◆ Working data
* * *

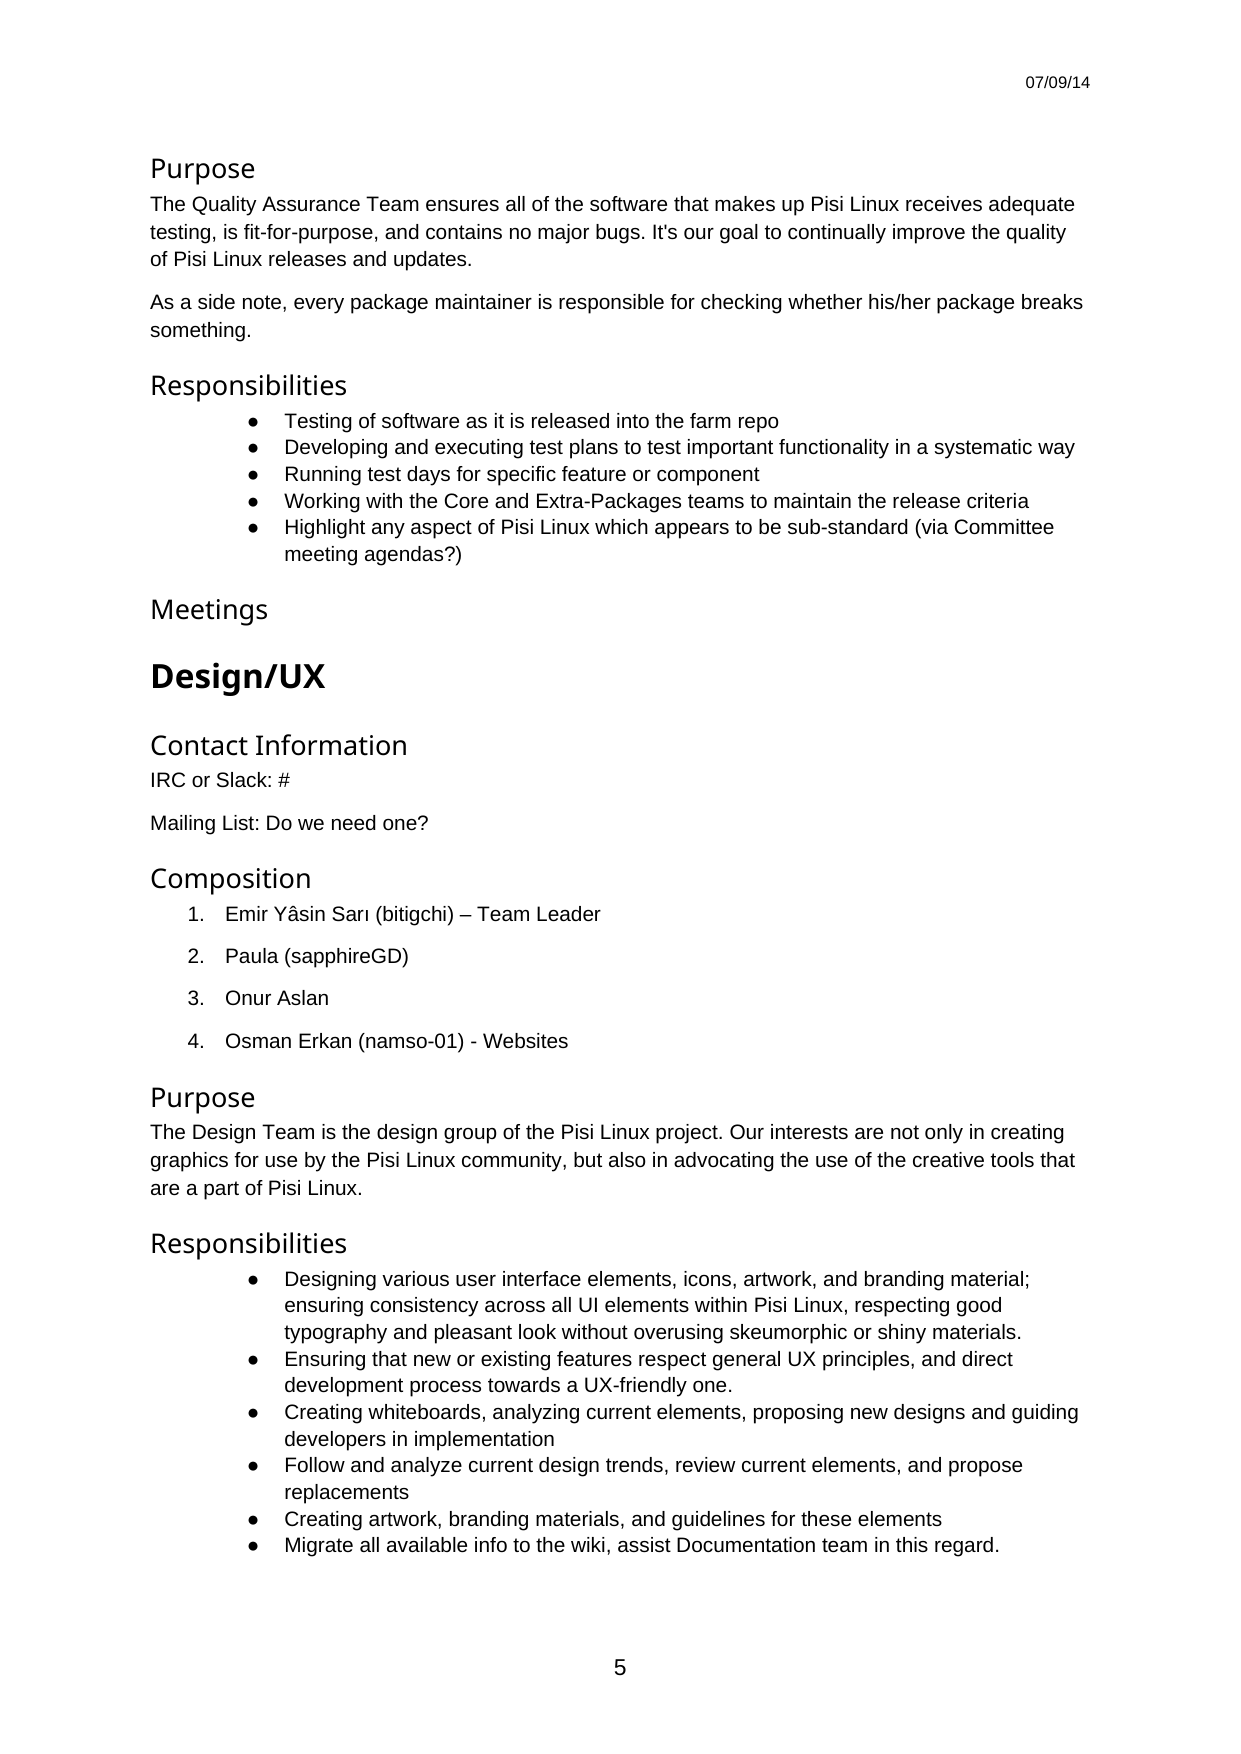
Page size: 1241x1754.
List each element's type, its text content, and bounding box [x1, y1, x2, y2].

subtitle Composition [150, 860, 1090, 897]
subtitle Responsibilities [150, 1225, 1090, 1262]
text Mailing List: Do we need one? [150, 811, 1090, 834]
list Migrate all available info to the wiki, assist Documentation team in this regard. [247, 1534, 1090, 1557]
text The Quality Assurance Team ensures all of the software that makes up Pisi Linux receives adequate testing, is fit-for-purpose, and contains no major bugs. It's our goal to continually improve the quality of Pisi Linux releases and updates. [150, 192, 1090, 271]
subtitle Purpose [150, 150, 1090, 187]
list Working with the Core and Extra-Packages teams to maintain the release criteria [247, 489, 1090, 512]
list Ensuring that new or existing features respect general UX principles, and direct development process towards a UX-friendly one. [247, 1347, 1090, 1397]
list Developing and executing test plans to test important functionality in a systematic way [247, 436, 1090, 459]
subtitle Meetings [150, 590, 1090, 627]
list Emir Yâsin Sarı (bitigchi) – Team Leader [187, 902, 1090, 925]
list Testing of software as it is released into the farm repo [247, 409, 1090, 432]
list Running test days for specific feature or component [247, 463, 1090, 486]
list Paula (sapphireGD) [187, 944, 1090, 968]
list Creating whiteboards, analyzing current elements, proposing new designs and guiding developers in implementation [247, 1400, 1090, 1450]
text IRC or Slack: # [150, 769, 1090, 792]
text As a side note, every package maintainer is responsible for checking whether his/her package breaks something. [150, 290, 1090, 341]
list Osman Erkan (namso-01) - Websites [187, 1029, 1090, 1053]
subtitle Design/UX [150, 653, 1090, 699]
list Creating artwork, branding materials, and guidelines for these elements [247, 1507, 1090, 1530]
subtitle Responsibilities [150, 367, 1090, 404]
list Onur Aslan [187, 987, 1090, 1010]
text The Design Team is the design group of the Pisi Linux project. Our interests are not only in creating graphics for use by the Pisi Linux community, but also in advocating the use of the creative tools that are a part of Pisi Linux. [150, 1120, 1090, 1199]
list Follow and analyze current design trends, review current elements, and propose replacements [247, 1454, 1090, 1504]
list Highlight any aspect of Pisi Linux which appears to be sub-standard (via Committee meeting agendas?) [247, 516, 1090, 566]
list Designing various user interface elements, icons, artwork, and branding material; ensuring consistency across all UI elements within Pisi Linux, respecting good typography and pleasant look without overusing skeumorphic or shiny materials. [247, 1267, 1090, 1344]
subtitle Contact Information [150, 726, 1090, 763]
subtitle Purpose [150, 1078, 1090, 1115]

* * *

◆ Work required
Bring together all lines from the listing that contain the word "subtitle".

◆ Result
subtitle Composition [150, 860, 1090, 897]
subtitle Responsibilities [150, 1225, 1090, 1262]
subtitle Purpose [150, 150, 1090, 187]
subtitle Meetings [150, 590, 1090, 627]
subtitle Design/UX [150, 653, 1090, 699]
subtitle Responsibilities [150, 367, 1090, 404]
subtitle Contact Information [150, 726, 1090, 763]
subtitle Purpose [150, 1078, 1090, 1115]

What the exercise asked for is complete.